### ABOUT THIS TASK
With the pictures excluded, reproduce all of the data exactly.

### EXERCISE DATA

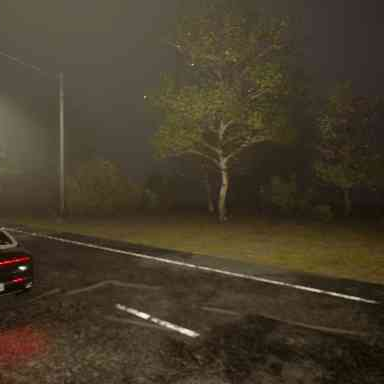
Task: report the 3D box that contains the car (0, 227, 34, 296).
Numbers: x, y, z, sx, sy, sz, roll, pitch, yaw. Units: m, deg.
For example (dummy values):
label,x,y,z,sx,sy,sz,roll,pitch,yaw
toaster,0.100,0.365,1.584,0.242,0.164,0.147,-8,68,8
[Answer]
label,x,y,z,sx,sy,sz,roll,pitch,yaw
car,-5.351,1.485,7.609,4.892,1.490,1.837,0,1,42

### YOUR RESPONSE
Task: report the 3D box that contains the car (0, 227, 34, 296).
Numbers: x, y, z, sx, sy, sz, roll, pitch, yaw. Units: m, deg.
For example (dummy values):
label,x,y,z,sx,sy,sz,roll,pitch,yaw
toaster,0.100,0.365,1.584,0.242,0.164,0.147,-8,68,8
[Answer]
label,x,y,z,sx,sy,sz,roll,pitch,yaw
car,-5.351,1.485,7.609,4.892,1.490,1.837,0,1,42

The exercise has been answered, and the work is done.